### Exercise data

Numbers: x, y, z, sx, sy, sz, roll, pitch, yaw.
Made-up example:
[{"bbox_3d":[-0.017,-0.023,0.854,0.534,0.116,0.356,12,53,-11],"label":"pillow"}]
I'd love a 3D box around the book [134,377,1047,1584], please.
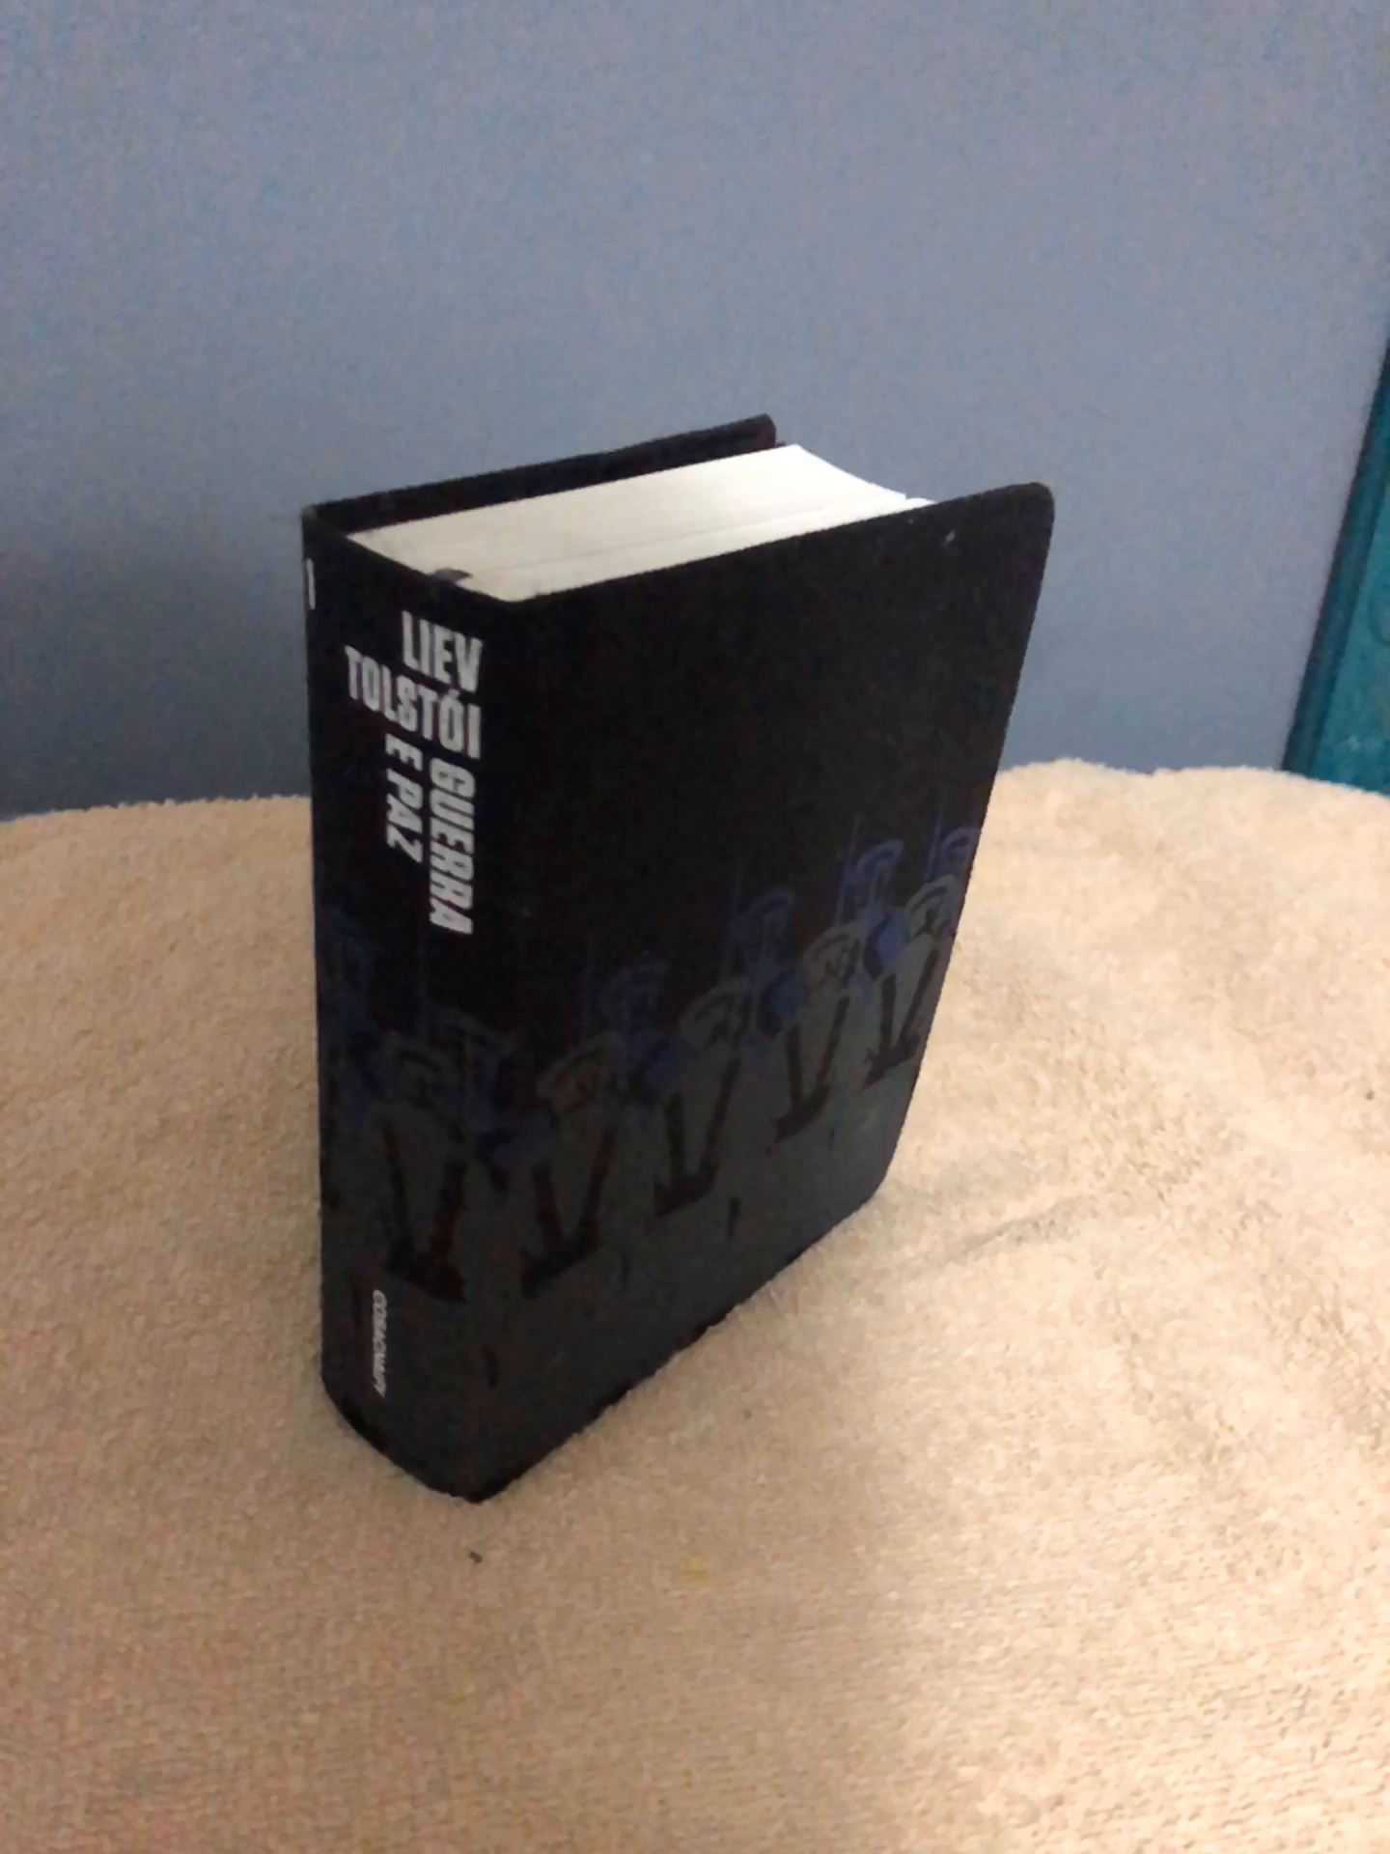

### Assignment
Reproduce the data above exactly, leaving each picture out.

### Answer for this exercise
Numbers: x, y, z, sx, sy, sz, roll, pitch, yaw.
Made-up example:
[{"bbox_3d":[-0.017,-0.023,0.854,0.534,0.116,0.356,12,53,-11],"label":"pillow"}]
I'd love a 3D box around the book [134,377,1047,1584], please.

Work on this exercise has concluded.